I'm a big fan of just bottoming the limb bolts, and going from there with equal turns on each. I know on my Martin, if I change one limb bolt, and not the other equally, it will not only affect tiller, but the cam timing as well.


----------



## Nitroboy (Jan 15, 2006)

It take alot more twisting untwisting a cable or a string to change the tiller as much as with turning the limb bolts, if you do that you will throw the whole bow out of tune, cam sync, AtA, BH, DL, DW so being I do know it will change, but it ain't much and maybe I should have said the "best" way to adjust tiller is with the limb bolts. If you twist/untwist cables and strings to set tiller it will be harder to get the limbs at the same deflection without affecting everything else. But on the other hand the newer bows we have are alot more precise and it usually isn't the case having bad tiller/limb deflection problems like alot of the older bows I have worked on, most bows nowadays you can bottom the bolts out and if everything else is tuned and set right then you'll have a equal tiller measurement.


----------



## bbloom96 (May 5, 2009)

You are assuming that the bow was set up correctly to begin with. I have seen bows come out of the box from many manufacturers where the string length/cable length was not correct to start. I always take every bow that I buy down, measure strings and cables and twist to the correct length, reassemble, and set all specs to baseline. Then, I adjust cam sync at rest and at full draw. I would note, that most of my bows are cam and 1/2 or binary cams. On Single cams, I measure strings and set the bow to spec at max poundage. The cam timing is less of an issue, but I have seen many single cams that are not oriented correctly at rest, which results in the BH being off. A few twists of the cable will straighten it up quickly.


----------



## halbeard (Dec 22, 2005)

*Thanks*

This conversation between you guys about the tiller measurements REALLY helped me,
thank you for all your time.
Truly,
Hal


----------



## ebonarcher (Mar 2, 2008)

Actually there seems to confusion here on what tiller is and what tiller isn't.

Let's clarify.
Assuming that the bow has equal sized cams . Even tiller will have the same amount of bend on each limb . Now on most bows single cam bows the top wheel does not measure the same as the bottom cam due to the shape of the cam.
If the string is twisted to much or the cable is twisted too much that causes the cam to let the string be too far or too close throwing off the measurement. That's the same as with the cam 1/2 and double cams.
Measuring from the limb pockets to the string attached to the center of the cams should provide the most accurate measurement regardless of cam rotation.

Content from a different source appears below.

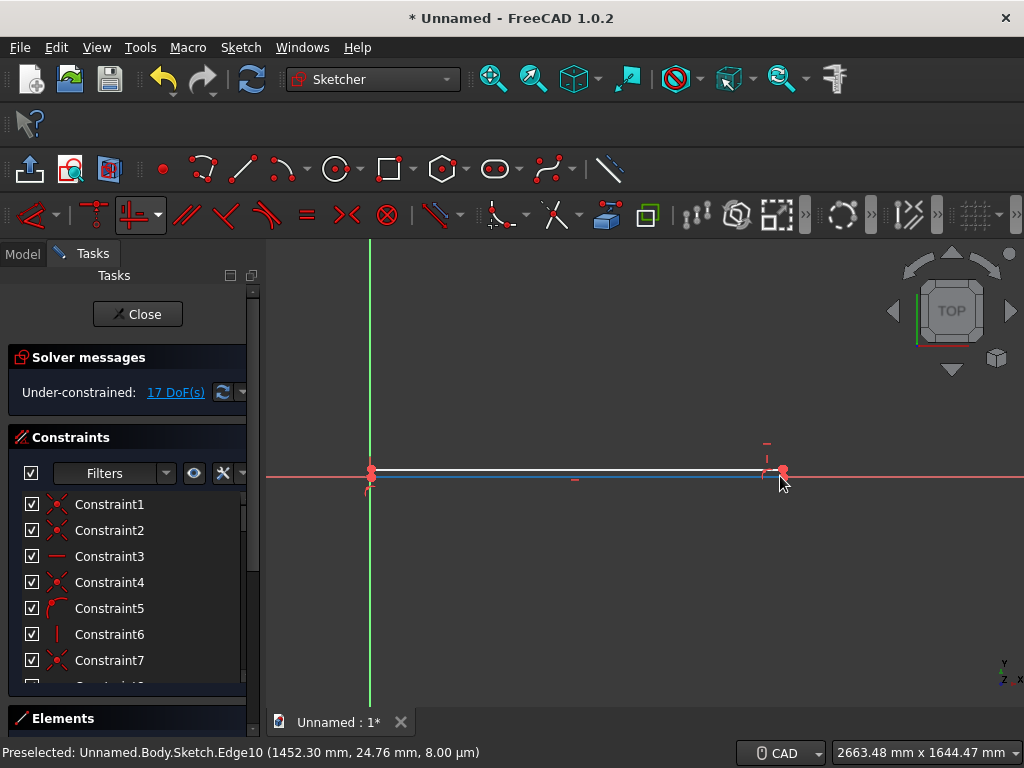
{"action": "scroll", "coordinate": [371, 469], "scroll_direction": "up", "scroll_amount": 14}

As for shooting bullet holes with a particular tiller it's more than likely due to rest position.


----------



## SARASR (Oct 30, 2009)

http://www.petersenshunting.com/content/bulletproof-bow-tuning-0

Take a looke a this article on tuning from Pertersons Bowhunting it has a section on tiller tuning that did wonders for my old Jennings 2000 PWC which had a idler wheel much smaller than the cam, had me shooting better than ever.


----------



## njshadowwalker (Aug 14, 2004)

If you wanna keep playing with tiller and shrink it, adjust both limbs. In other words, if your a hair out instead of say 1 turn on the top, do a half turn on each. You can fine tune it moreso this way, then by using only one limb. If the bow is bottomed out, start with say with one or one and ahalf equal turns out of each limb, and go from there.


----------



## The Phantom (Aug 13, 2007)

*2008 Martin Bengal Single Cam*

manual says set tiller. Measure from limb pocket/riser to string. Mine has the same distance top and bottom, both bolts turned out the same number of turns.


----------